Work to complete — Restate word for word every entry that appears below, skipping its pictures.

=== Supplied records ===

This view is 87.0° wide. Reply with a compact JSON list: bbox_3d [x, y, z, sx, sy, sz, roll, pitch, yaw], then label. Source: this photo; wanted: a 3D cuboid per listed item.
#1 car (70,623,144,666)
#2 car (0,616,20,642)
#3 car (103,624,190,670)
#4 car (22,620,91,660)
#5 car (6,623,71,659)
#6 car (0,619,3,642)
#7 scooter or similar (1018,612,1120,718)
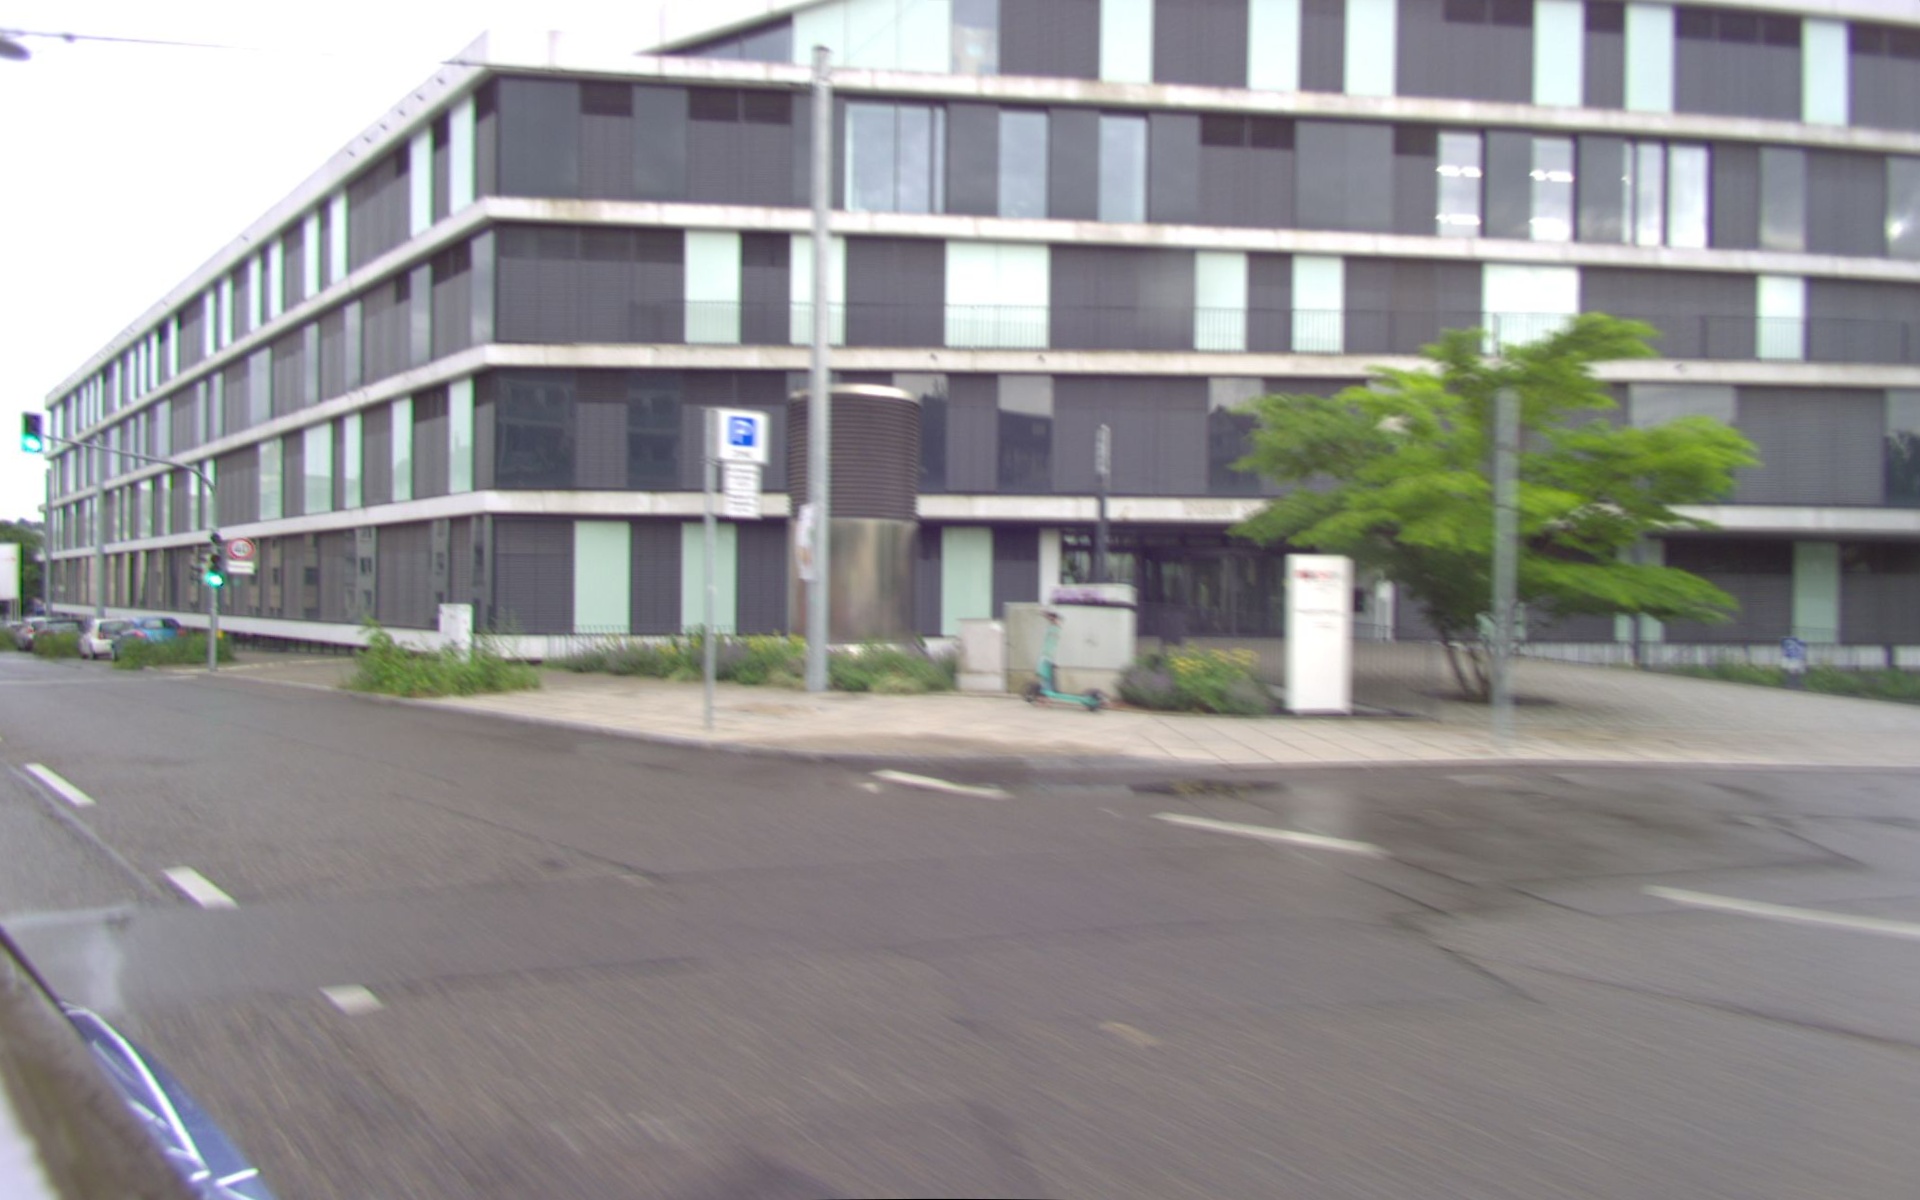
[{"bbox_3d":[-31.538,1.602,37.397,3.583,1.478,1.620,-1,-1,42],"label":"car"},{"bbox_3d":[-56.347,1.716,59.238,4.039,1.483,1.545,-1,-1,41],"label":"car"},{"bbox_3d":[-27.539,1.551,34.242,3.580,1.478,1.621,-1,-1,40],"label":"car"},{"bbox_3d":[-39.770,1.709,44.519,4.363,1.601,1.862,-1,0,43],"label":"car"},{"bbox_3d":[-44.285,1.943,48.604,4.361,1.601,1.811,-1,0,41],"label":"car"},{"bbox_3d":[-62.912,1.997,65.065,4.039,1.483,1.621,-1,-1,41],"label":"car"},{"bbox_3d":[1.371,0.790,12.838,1.231,1.258,0.491,0,1,42],"label":"scooter or similar"}]

===

Task response —
This view is 87.0° wide. Reply with a compact JSON list: bbox_3d [x, y, z, sx, sy, sz, roll, pitch, yaw], then label. Source: this photo; wanted: a 3D cuboid per listed item.
#1 car (70,623,144,666)
#2 car (0,616,20,642)
#3 car (103,624,190,670)
#4 car (22,620,91,660)
#5 car (6,623,71,659)
#6 car (0,619,3,642)
#7 scooter or similar (1018,612,1120,718)
[{"bbox_3d":[-31.538,1.602,37.397,3.583,1.478,1.620,-1,-1,42],"label":"car"},{"bbox_3d":[-56.347,1.716,59.238,4.039,1.483,1.545,-1,-1,41],"label":"car"},{"bbox_3d":[-27.539,1.551,34.242,3.580,1.478,1.621,-1,-1,40],"label":"car"},{"bbox_3d":[-39.770,1.709,44.519,4.363,1.601,1.862,-1,0,43],"label":"car"},{"bbox_3d":[-44.285,1.943,48.604,4.361,1.601,1.811,-1,0,41],"label":"car"},{"bbox_3d":[-62.912,1.997,65.065,4.039,1.483,1.621,-1,-1,41],"label":"car"},{"bbox_3d":[1.371,0.790,12.838,1.231,1.258,0.491,0,1,42],"label":"scooter or similar"}]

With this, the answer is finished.